His skin was fair and flushed at the first sign of rain, but that was as far as it went. “I told you twice I’m innocent.”

“How about Great-Grandpa? I thought all you Polacks had a dead Cossack in the family closet.”

That worked. I’d begun to think nothing would. He was fast, and I had twenty years on him, hard ones with painkillers crawling through my veins, but rock beats scissors. I cleared the .38 just as his right foot left the floor.
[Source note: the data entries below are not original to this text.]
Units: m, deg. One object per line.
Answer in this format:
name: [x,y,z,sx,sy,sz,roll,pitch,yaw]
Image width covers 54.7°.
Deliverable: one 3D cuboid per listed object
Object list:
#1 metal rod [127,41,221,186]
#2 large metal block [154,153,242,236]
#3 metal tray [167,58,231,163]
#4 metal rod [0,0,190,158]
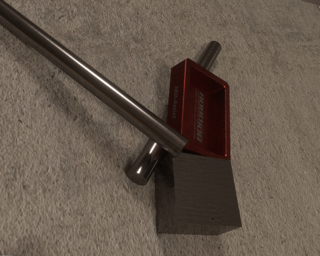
metal rod: [0.035,-0.042,0.449,0.025,0.025,0.301,36,51,-5]
large metal block: [0.041,0.079,0.364,0.081,0.050,0.080,11,57,-23]
metal tray: [0.054,-0.018,0.417,0.090,0.030,0.130,24,59,-33]
metal rod: [-0.093,-0.066,0.362,0.300,0.025,0.025,37,50,9]
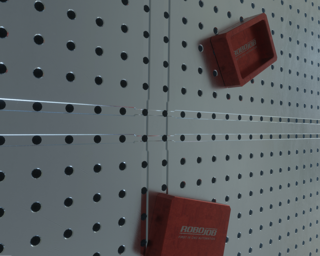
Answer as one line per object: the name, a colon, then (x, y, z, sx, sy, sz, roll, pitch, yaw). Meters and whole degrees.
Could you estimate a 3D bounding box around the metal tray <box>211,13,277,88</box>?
metal tray: (0.149, -0.135, 0.533, 0.131, 0.030, 0.090, -35, 112, -35)

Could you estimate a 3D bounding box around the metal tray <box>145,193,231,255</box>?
metal tray: (0.045, 0.148, 0.447, 0.131, 0.030, 0.090, 19, 78, -39)

It was a near thing even then. The two yards that separated us spared me a bad case of athlete’s chin. He caught himself in mid-kick and lowered the foot.

“I wish I
had
killed the son of a bitch.” He was breathing hard. “If I had, I’d do the time satisfied.”

“People say that who never did time. But I believe you. If I didn’t before, I do now. You’d have kicked him off his terrace, not shot him. I don’t buy you on that album cover. No wonder it didn’t sell. You forgot to take off the safety.”

“I let Winfield talk me into posing for it. It was wrong on every level. I told him I’m no gangsta, but he said if I expected people to believe that I should tell them I came from Wichita. He seriously thought ‘Detroit iron’ meant guns.”

“He should’ve dumped the campaign and run with Ellis Island. I don’t think anyone’s ever shot a video there, but I’ve lost touch. My cable went out.”

“White Stripes, last year.” His smile was lost in the shade of the strong Balkan nose. “I opened for them in Cleveland.”

“Who killed him?” I don’t know why I asked. Every case doesn’t have to lead to murder.